▼

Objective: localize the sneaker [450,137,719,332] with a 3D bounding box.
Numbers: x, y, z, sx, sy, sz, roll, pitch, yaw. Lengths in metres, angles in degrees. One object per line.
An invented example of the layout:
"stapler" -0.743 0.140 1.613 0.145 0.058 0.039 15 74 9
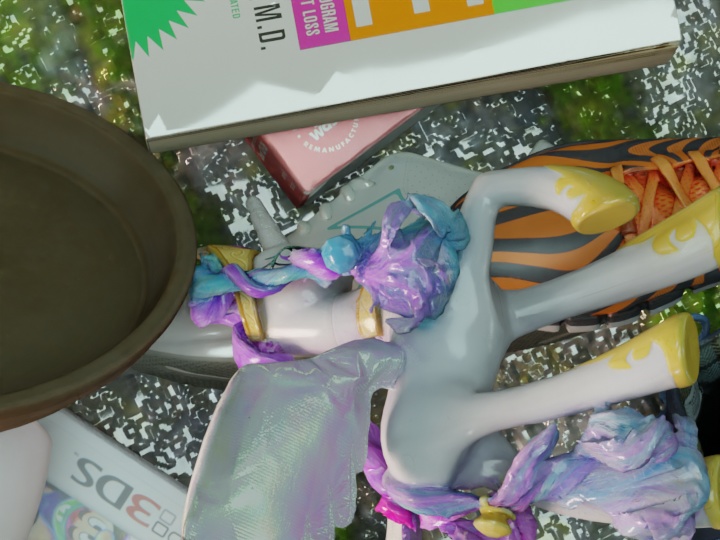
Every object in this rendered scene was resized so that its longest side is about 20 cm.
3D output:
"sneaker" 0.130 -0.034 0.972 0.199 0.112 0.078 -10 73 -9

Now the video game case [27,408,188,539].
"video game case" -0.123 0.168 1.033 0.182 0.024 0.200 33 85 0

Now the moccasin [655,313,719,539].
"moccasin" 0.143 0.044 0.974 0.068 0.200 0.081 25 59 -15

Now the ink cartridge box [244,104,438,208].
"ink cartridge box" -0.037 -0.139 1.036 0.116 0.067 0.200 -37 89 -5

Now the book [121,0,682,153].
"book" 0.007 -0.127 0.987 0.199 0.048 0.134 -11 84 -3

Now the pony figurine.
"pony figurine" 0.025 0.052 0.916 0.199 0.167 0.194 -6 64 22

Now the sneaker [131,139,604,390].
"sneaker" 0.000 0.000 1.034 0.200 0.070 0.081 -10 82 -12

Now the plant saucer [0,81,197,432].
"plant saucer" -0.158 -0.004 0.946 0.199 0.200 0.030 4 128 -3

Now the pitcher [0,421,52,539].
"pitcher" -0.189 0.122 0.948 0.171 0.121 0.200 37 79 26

▲
▼

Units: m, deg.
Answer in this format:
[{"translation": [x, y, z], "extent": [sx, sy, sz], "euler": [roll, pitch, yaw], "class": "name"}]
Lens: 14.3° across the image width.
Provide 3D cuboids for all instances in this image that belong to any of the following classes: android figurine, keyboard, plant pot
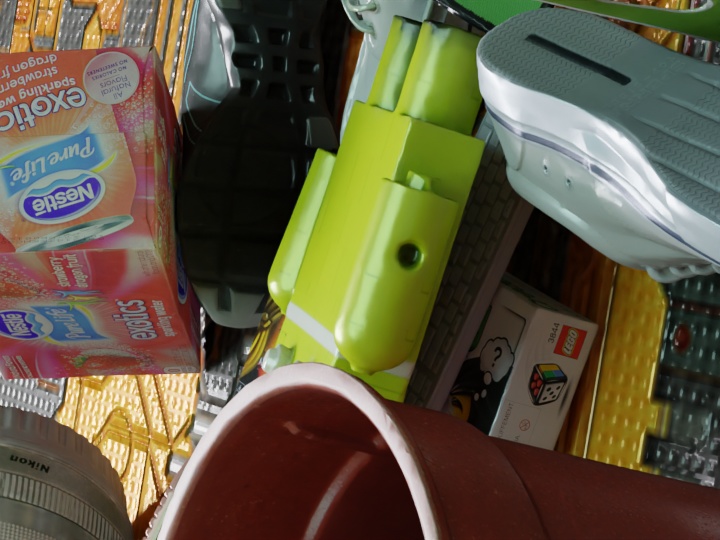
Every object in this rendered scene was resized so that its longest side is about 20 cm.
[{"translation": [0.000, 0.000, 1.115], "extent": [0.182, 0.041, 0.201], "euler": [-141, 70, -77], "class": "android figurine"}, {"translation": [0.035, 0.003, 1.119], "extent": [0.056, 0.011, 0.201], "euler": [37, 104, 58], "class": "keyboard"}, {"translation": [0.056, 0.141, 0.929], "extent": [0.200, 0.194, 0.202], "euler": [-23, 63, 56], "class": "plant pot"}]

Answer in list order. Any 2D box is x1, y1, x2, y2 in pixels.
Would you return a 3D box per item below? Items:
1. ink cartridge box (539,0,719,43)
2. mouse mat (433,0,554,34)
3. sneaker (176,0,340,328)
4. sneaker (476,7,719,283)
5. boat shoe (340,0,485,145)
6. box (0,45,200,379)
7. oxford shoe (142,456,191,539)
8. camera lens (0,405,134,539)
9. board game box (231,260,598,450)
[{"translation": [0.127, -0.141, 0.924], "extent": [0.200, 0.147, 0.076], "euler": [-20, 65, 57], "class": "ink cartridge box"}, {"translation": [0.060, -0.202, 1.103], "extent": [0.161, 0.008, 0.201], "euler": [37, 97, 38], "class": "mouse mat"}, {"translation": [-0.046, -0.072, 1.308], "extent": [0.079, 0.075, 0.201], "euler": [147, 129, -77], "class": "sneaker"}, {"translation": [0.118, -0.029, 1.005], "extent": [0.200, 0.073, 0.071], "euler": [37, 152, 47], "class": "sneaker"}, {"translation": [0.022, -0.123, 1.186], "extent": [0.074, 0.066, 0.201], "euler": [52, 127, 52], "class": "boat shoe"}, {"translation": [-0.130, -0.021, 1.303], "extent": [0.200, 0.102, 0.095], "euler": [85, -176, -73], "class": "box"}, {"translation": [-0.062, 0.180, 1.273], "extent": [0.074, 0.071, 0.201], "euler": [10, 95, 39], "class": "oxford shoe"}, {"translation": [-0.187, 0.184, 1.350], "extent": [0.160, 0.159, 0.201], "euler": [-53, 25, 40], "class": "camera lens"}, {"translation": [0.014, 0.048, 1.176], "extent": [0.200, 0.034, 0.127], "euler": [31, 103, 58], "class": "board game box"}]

▲

__WHAT IS NEEDED__. Scan the material for the word "Answer". Return every line where it is found.

__OUTPUT__.
Answer in this format:
Answer in list order. Any 2D box is x1, y1, x2, y2 in pixels.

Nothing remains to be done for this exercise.